▸ **MATERIAL TO PROCESS**
***
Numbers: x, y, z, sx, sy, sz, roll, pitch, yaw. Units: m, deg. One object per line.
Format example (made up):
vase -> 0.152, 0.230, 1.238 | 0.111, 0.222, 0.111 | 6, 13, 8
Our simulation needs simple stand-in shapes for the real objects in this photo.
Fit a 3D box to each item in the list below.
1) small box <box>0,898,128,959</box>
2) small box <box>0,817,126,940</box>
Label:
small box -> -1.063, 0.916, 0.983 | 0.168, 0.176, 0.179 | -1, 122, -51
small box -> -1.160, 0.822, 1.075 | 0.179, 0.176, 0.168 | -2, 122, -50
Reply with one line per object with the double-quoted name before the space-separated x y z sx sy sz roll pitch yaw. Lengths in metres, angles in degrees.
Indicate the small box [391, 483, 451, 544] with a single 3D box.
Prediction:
***
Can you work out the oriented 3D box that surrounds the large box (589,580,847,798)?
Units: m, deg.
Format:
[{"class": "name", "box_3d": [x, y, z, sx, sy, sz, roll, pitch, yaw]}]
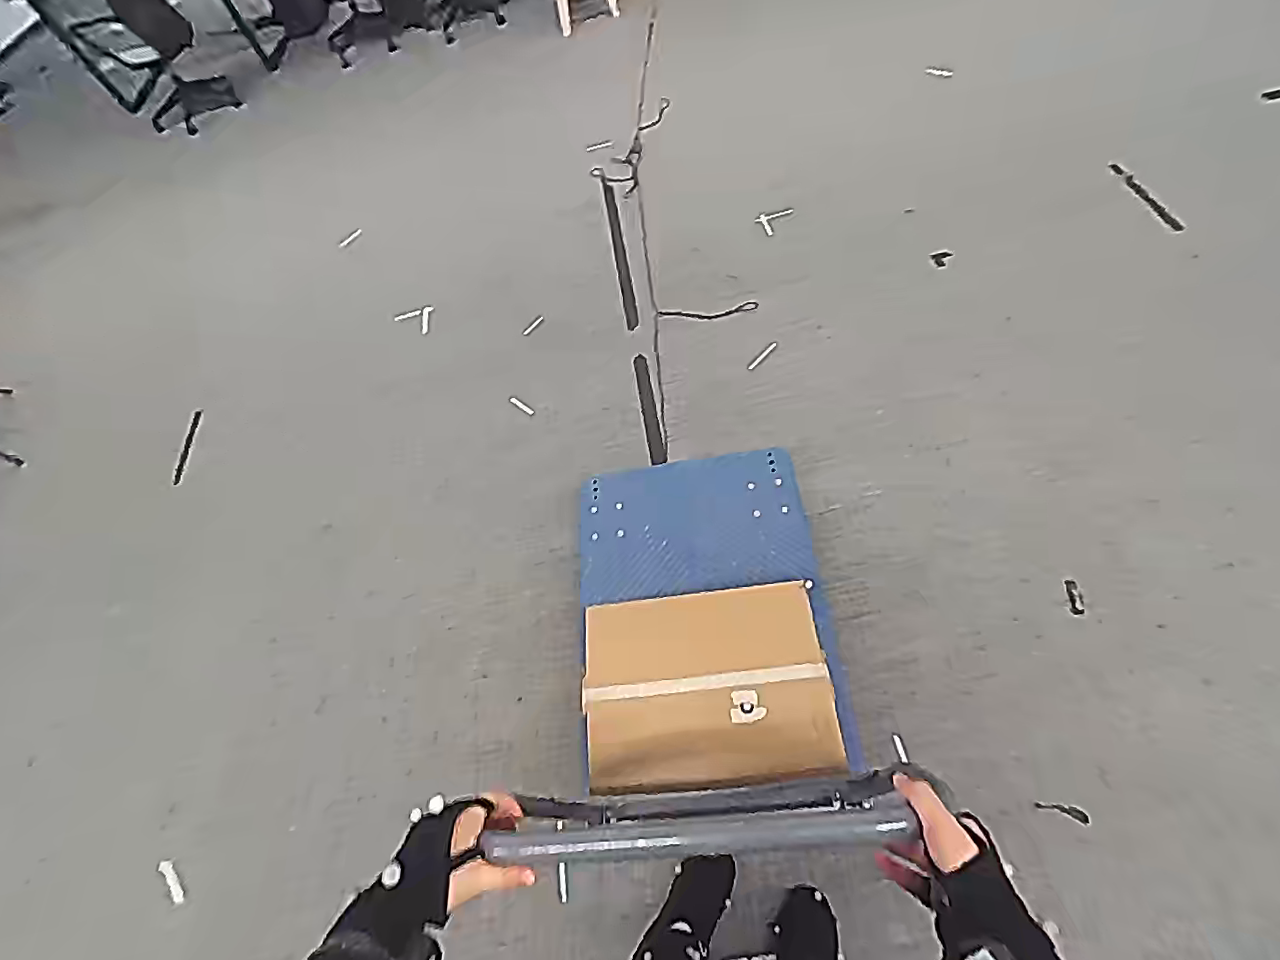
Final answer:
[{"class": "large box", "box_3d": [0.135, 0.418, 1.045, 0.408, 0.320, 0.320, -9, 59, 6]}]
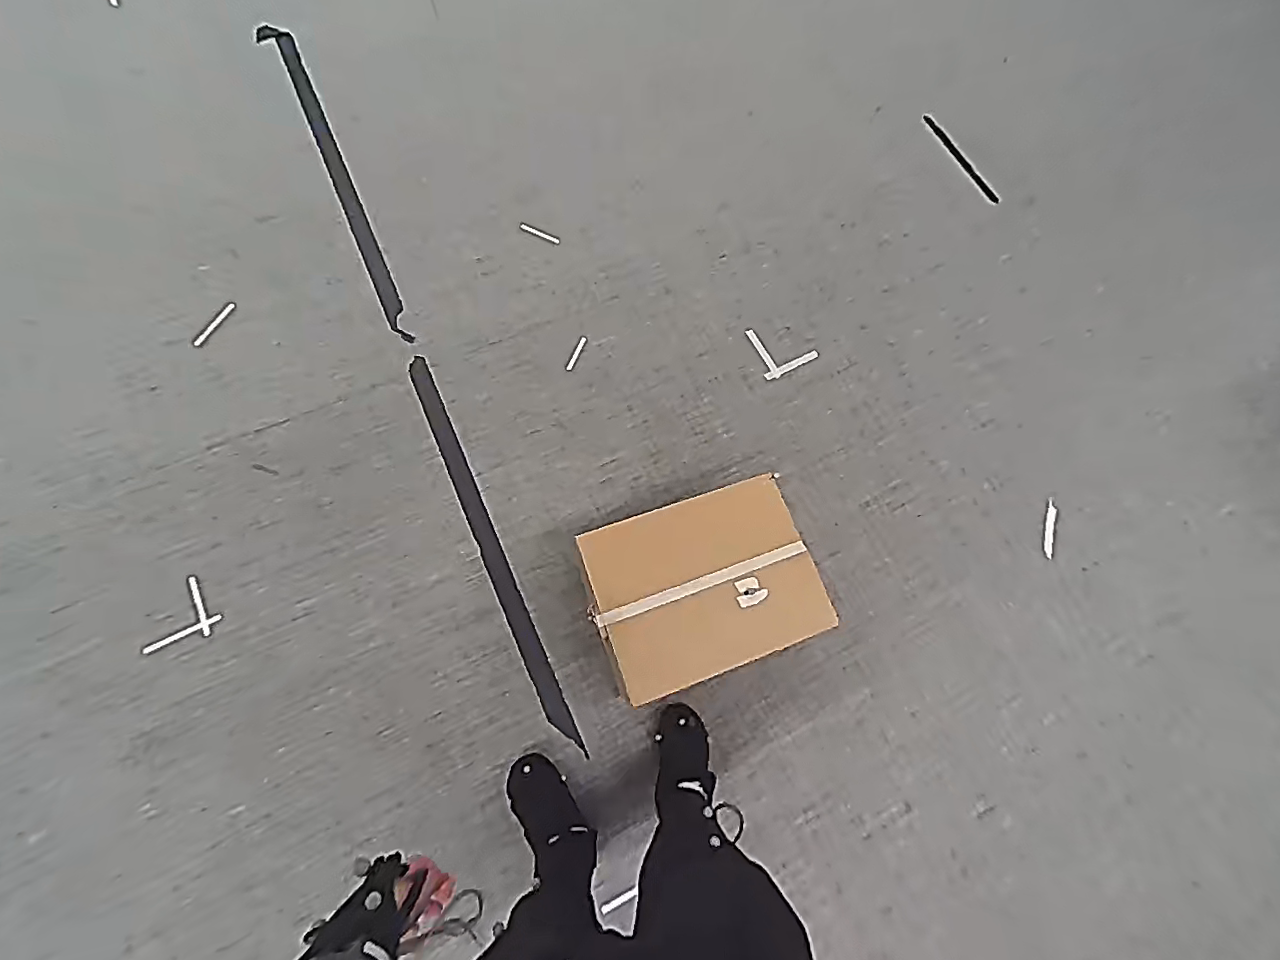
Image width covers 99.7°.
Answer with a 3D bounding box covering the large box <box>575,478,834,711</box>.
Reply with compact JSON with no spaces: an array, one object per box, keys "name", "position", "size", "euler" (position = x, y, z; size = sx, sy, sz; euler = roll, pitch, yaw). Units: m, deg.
***
▸ **EXERCISE**
Find the word "Units" in the listing above, then copy each line where it turns up.

▸ **YOUR RESPONSE**
Numbers: x, y, z, sx, sy, sz, roll, pitch, yaw. Units: m, deg. One object per line.
Units: m, deg.
Reply with compact JSON with no spaces: an array, one object per box, keys "name", "position", "size", "euler" (position = x, y, z; size = sx, sy, sz; euler = roll, pitch, yaw). Units: m, deg.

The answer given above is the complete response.